Fourth, if you are a higher earner and the charge would be annoying but the claim still matters, consider opting out of the payment rather than abandoning the claim entirely. That keeps the administrative burden smaller while preserving the non-cash benefits.
Common mistakes
The biggest mistake is assuming Child Benefit is only for low-income families. It is not. High earners can still claim, but they may need to deal with the tax charge or opt out of payment. If you stop at “I earn too much,” you may miss the pension-credit value.
Another common mistake is assuming the household’s combined salary is the only number that matters. It is not. The charge depends on the relevant partner’s adjusted net income. That is why one high earner in a couple can change the result more than two moderate incomes added together.

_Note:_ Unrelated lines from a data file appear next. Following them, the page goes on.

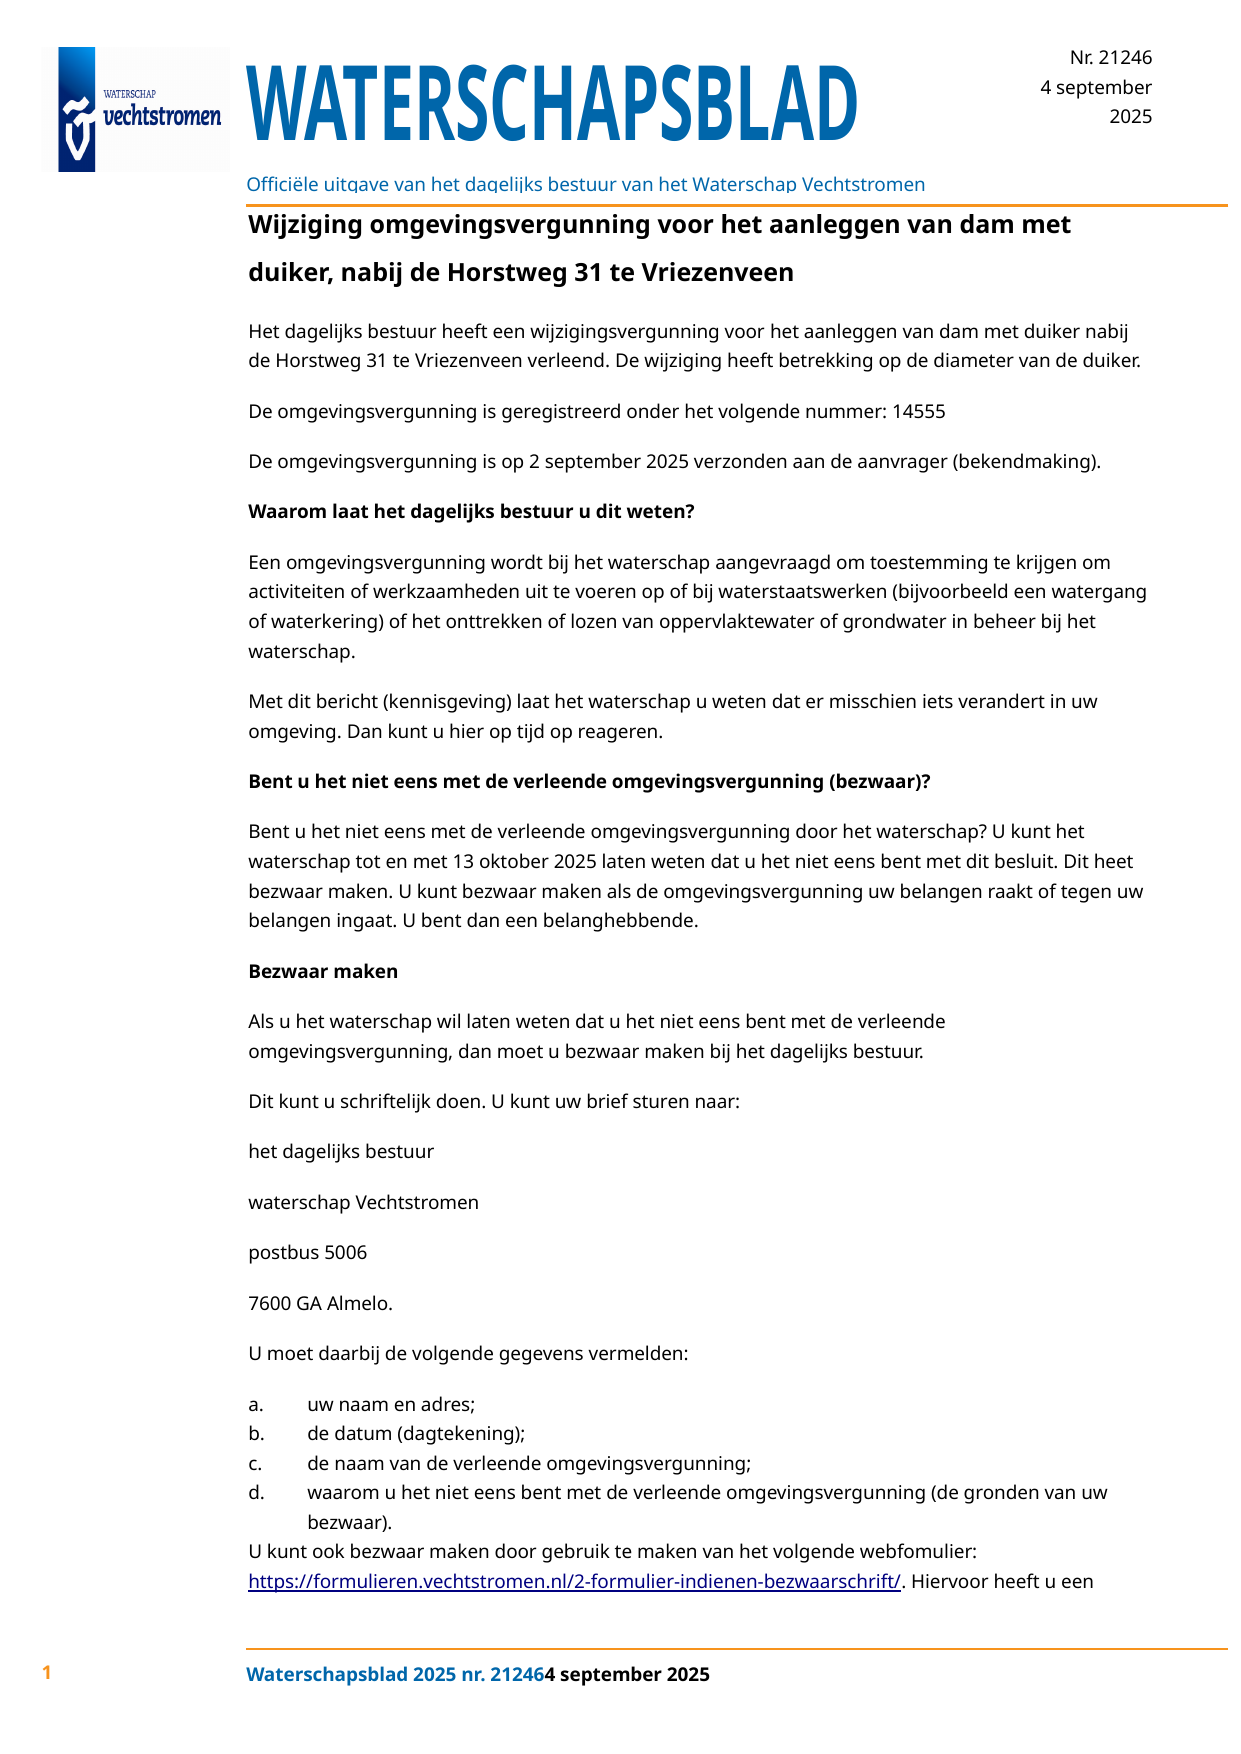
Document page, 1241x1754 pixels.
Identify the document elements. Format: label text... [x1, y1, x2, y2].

text Waarom laat het dagelijks bestuur u dit weten? [248, 499, 1152, 524]
text het dagelijks bestuur [248, 1139, 1152, 1164]
text Bezwaar maken [248, 958, 1152, 984]
text waterschap Vechtstromen [248, 1189, 1152, 1215]
text U moet daarbij de volgende gegevens vermelden: [248, 1340, 1152, 1366]
picture [41, 47, 231, 172]
list de datum (dagtekening); [248, 1420, 1152, 1446]
text Met dit bericht (kennisgeving) laat het waterschap u weten dat er misschien iets verandert in uw omgeving. Dan kunt u hier op tijd op reageren. [248, 688, 1152, 744]
text Dit kunt u schriftelijk doen. U kunt uw brief sturen naar: [248, 1088, 1152, 1114]
text Als u het waterschap wil laten weten dat u het niet eens bent met de verleende omgevingsvergunning, dan moet u bezwaar maken bij het dagelijks bestuur. [248, 1008, 1152, 1064]
text Bent u het niet eens met de verleende omgevingsvergunning door het waterschap? U kunt het waterschap tot en met 13 oktober 2025 laten weten dat u het niet eens bent met dit besluit. Dit heet bezwaar maken. U kunt bezwaar maken als de omgevingsvergunning uw belangen raakt of tegen uw belangen ingaat. U bent dan een belanghebbende. [248, 819, 1152, 933]
text Het dagelijks bestuur heeft een wijzigingsvergunning voor het aanleggen van dam met duiker nabij de Horstweg 31 te Vriezenveen verleend. De wijziging heeft betrekking op de diameter van de duiker. [248, 318, 1152, 373]
text De omgevingsvergunning is op 2 september 2025 verzonden aan de aanvrager (bekendmaking). [248, 448, 1152, 474]
text postbus 5006 [248, 1239, 1152, 1265]
text Wijziging omgevingsvergunning voor het aanleggen van dam met duiker, nabij de Horstweg 31 te Vriezenveen [248, 207, 1152, 288]
text 7600 GA Almelo. [248, 1290, 1152, 1316]
text U kunt ook bezwaar maken door gebruik te maken van het volgende webfomulier: https://formulieren.vechtstromen.nl/2-formulier-indienen-bezwaarschrift/. Hiervoor heeft u een [248, 1539, 1152, 1594]
list de naam van de verleende omgevingsvergunning; [248, 1450, 1152, 1476]
list uw naam en adres; [248, 1391, 1152, 1417]
text Bent u het niet eens met de verleende omgevingsvergunning (bezwaar)? [248, 768, 1152, 794]
text De omgevingsvergunning is geregistreerd onder het volgende nummer: 14555 [248, 398, 1152, 424]
list waarom u het niet eens bent met de verleende omgevingsvergunning (de gronden van uw bezwaar). [248, 1479, 1152, 1535]
text Een omgevingsvergunning wordt bij het waterschap aangevraagd om toestemming te krijgen om activiteiten of werkzaamheden uit te voeren op of bij waterstaatswerken (bijvoorbeeld een watergang of waterkering) of het onttrekken of lozen van oppervlaktewater of grondwater in beheer bij het waterschap. [248, 549, 1152, 664]
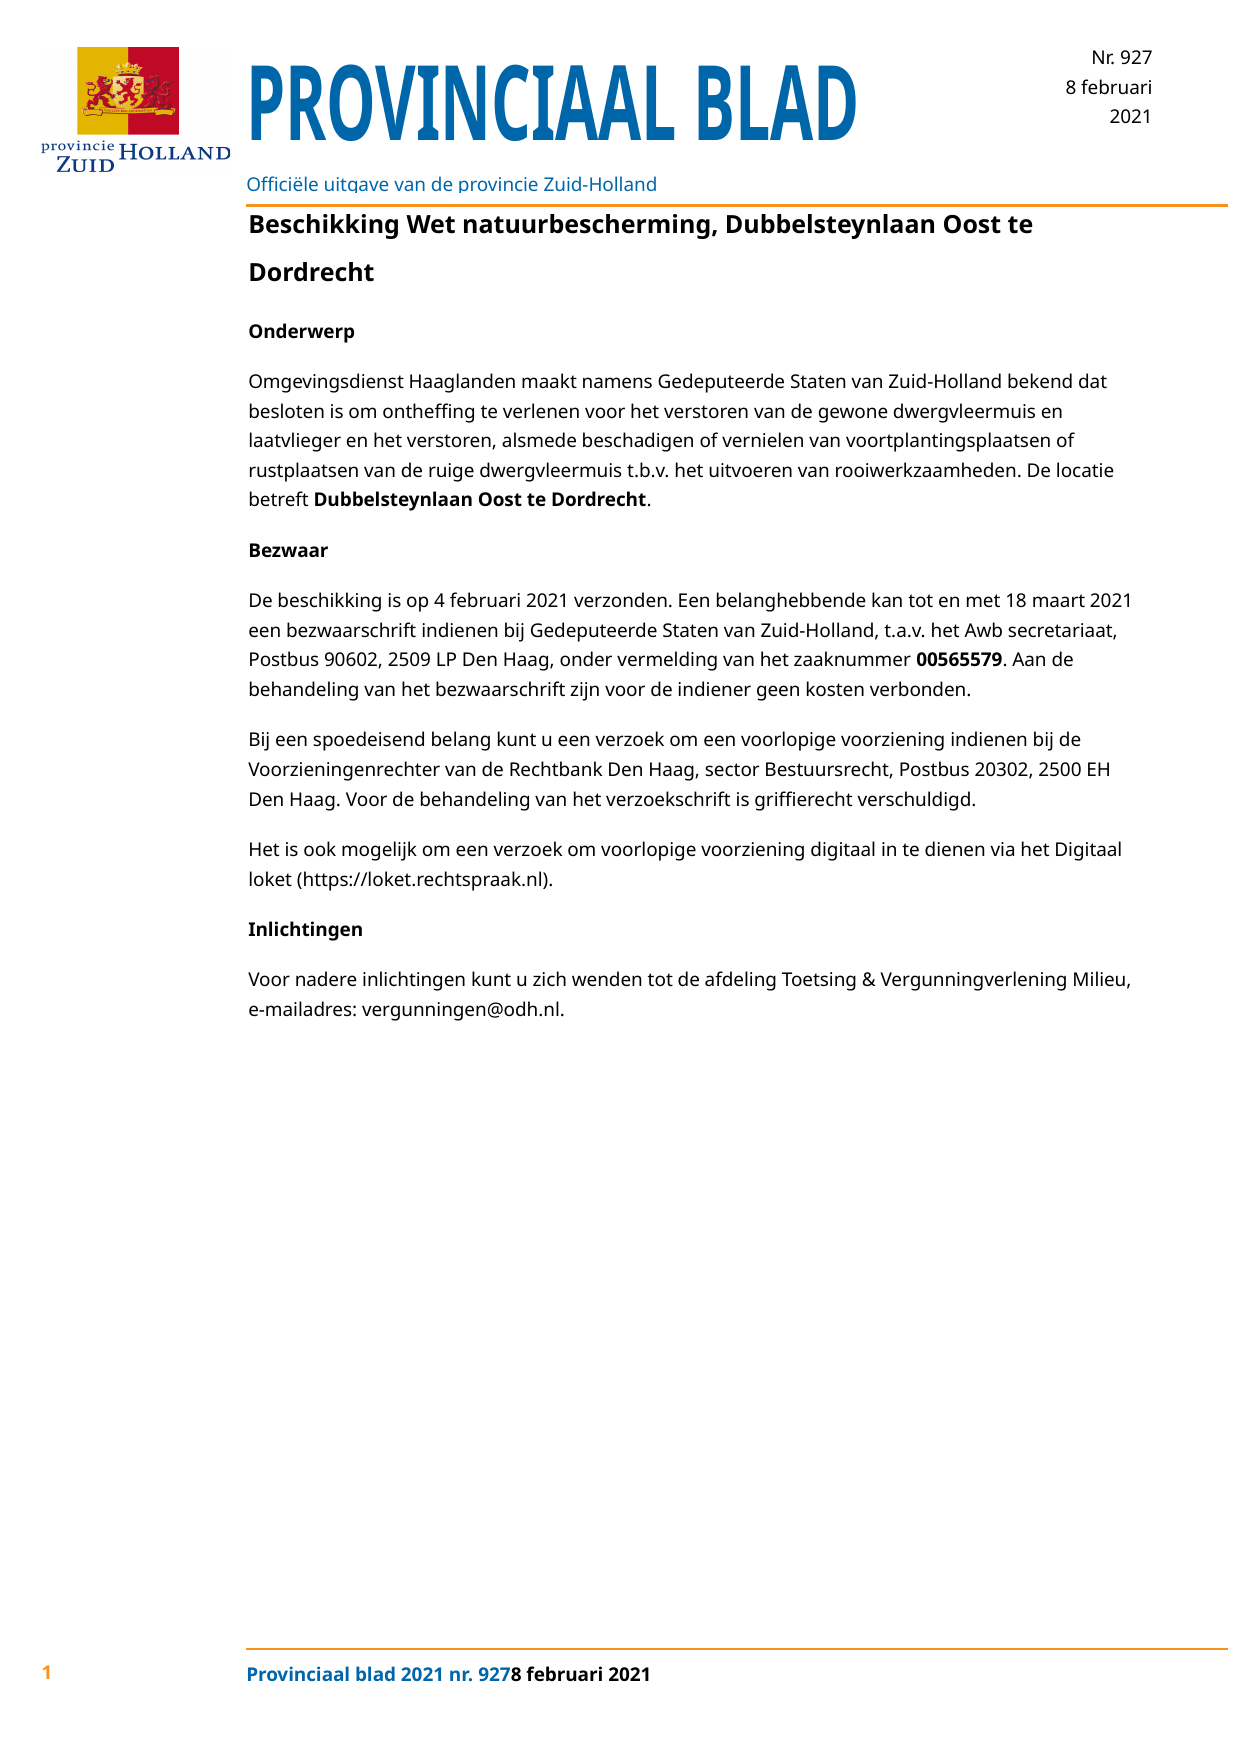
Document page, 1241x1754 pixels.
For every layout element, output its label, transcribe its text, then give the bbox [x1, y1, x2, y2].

text Bezwaar [248, 537, 1152, 563]
text Bij een spoedeisend belang kunt u een verzoek om een voorlopige voorziening indienen bij de Voorzieningenrechter van de Rechtbank Den Haag, sector Bestuursrecht, Postbus 20302, 2500 EH Den Haag. Voor de behandeling van het verzoekschrift is griffierecht verschuldigd. [248, 727, 1152, 812]
text Inlichtingen [248, 916, 1152, 942]
text Het is ook mogelijk om een verzoek om voorlopige voorziening digitaal in te dienen via het Digitaal loket (https://loket.rechtspraak.nl). [248, 836, 1152, 892]
picture [41, 47, 231, 172]
text Voor nadere inlichtingen kunt u zich wenden tot de afdeling Toetsing & Vergunningverlening Milieu, e-mailadres: vergunningen@odh.nl. [248, 967, 1152, 1022]
text Onderwerp [248, 318, 1152, 344]
text Beschikking Wet natuurbescherming, Dubbelsteynlaan Oost te Dordrecht [248, 207, 1152, 288]
text Omgevingsdienst Haaglanden maakt namens Gedeputeerde Staten van Zuid-Holland bekend dat besloten is om ontheffing te verlenen voor het verstoren van de gewone dwergvleermuis en laatvlieger en het verstoren, alsmede beschadigen of vernielen van voortplantingsplaatsen of rustplaatsen van de ruige dwergvleermuis t.b.v. het uitvoeren van rooiwerkzaamheden. De locatie betreft Dubbelsteynlaan Oost te Dordrecht. [248, 368, 1152, 512]
text De beschikking is op 4 februari 2021 verzonden. Een belanghebbende kan tot en met 18 maart 2021 een bezwaarschrift indienen bij Gedeputeerde Staten van Zuid-Holland, t.a.v. het Awb secretariaat, Postbus 90602, 2509 LP Den Haag, onder vermelding van het zaaknummer 00565579. Aan de behandeling van het bezwaarschrift zijn voor de indiener geen kosten verbonden. [248, 587, 1152, 702]

A third mistake is claiming the wrong person. The claimant gets the National Insurance credits, so if one parent is out of work and the other is employed full-time, the form should usually reflect that reality.
Another easy mistake is forgetting to report changes. Child Benefit is not “set and forget.” If your child’s education, living arrangement, or your family setup changes, HMRC wants to know.
Finally, many people forget the three-month backdating limit. If you know you are eligible, waiting just creates avoidable loss.
Frequently asked questions
Is Child Benefit means-tested?
Not in the normal sense. You can claim it at high incomes too, but the High Income Child Benefit Charge may reduce or fully cancel the payment.
Can I claim if I choose not to receive the money?
Yes. HMRC says you can claim and opt out of the payments if you do not want to pay the charge, while still keeping the other advantages of the claim.
How often is it paid?
Usually every 4 weeks.
Can only one person claim?
Yes. Only one person can get Child Benefit for each child.
Can parents claim for different children?
Yes. If you live together, you and your partner can claim for different children.
What happens if my child turns 16?
Payments normally stop unless the child is still in approved education or training and you update HMRC.
What if I do not have the birth certificate yet?
You can still claim, but it may take longer and HMRC may ask for proof later.
Official links
- Apply or add another child: https://www.gov.uk/child-benefit/how-to-claim
- What you will get: https://www.gov.uk/child-benefit/what-youll-get
- High Income Child Benefit Charge: https://www.gov.uk/child-benefit-tax-charge
- Report changes: https://www.gov.uk/report-changes-child-benefit
Next step
If you are eligible, the safest move is to claim early, choose the right claimant, and keep the details updated as your family changes. If you are near or above the threshold, check the official calculator first and decide whether to claim, opt out, or take the payment and pay the charge. Either way, the right answer depends on your household’s actual circumstances, not on guesswork.